Find the lines below in which the string "list" occurs. Copy each one.

(Records to use begins)

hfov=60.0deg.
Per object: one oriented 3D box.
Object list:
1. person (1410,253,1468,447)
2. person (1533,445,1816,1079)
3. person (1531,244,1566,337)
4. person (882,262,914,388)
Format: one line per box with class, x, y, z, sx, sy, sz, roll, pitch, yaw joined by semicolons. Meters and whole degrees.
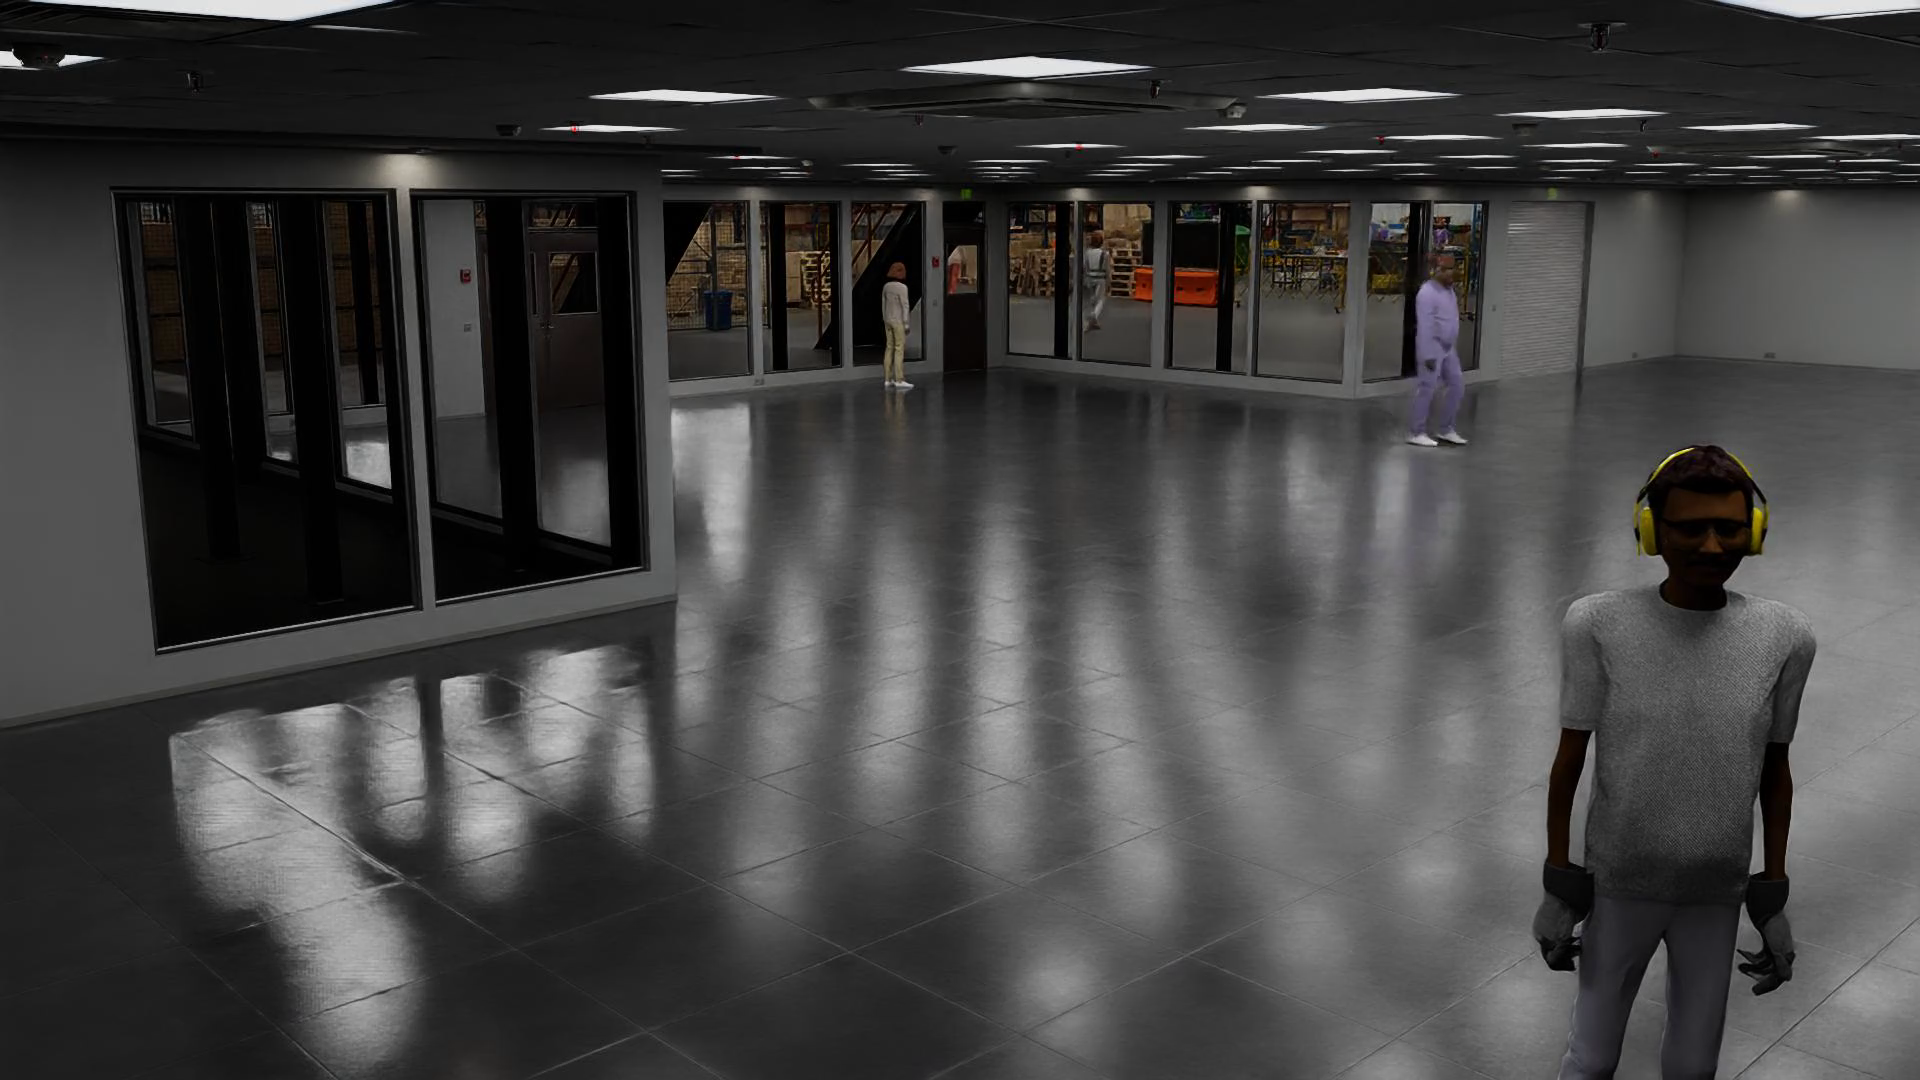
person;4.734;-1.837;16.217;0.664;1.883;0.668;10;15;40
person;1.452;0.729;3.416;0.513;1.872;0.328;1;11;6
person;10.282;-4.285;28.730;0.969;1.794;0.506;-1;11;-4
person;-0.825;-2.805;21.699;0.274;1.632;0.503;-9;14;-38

(Records to use ends)
(Records to use begins)

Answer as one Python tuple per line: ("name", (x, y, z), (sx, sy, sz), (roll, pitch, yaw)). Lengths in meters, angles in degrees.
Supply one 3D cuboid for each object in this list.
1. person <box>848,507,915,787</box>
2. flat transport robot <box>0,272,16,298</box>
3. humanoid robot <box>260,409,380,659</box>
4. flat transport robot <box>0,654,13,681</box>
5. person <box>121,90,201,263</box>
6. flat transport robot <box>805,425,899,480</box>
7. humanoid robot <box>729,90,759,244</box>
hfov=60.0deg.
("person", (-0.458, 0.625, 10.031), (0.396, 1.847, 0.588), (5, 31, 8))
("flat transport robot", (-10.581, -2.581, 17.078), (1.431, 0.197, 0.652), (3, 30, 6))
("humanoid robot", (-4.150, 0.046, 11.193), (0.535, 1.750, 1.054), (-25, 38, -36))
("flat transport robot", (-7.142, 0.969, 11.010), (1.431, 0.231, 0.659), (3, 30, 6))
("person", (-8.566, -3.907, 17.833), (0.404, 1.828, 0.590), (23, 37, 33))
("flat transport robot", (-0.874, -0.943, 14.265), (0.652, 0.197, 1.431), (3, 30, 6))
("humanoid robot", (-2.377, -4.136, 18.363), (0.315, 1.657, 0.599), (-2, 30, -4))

(Records to use ends)

* **Result of this task**
Object list:
Supply one 3D cuboid for each object in this list.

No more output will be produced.